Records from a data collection
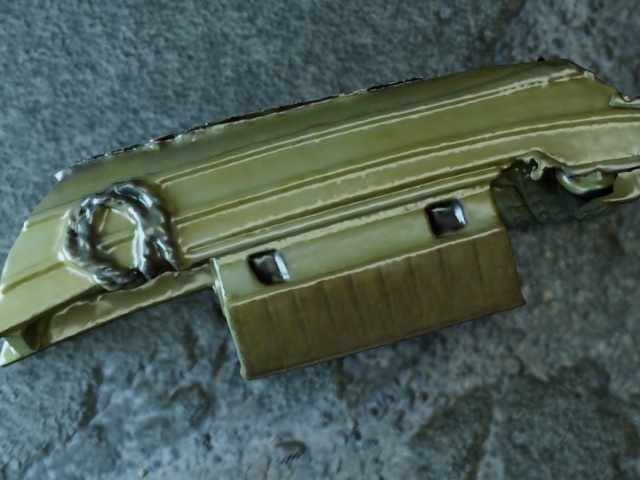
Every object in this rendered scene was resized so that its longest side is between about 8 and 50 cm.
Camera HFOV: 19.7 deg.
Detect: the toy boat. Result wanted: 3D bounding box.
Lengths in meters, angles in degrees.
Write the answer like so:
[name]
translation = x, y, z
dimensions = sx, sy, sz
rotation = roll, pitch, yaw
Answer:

**Activity**
Transcribe exactly the lines from the one containing "translation = x, y, z" through the end of the records, both included, and nothing else.

**Exercise answer**
translation = x, y, z
dimensions = sx, sy, sz
rotation = roll, pitch, yaw
Answer:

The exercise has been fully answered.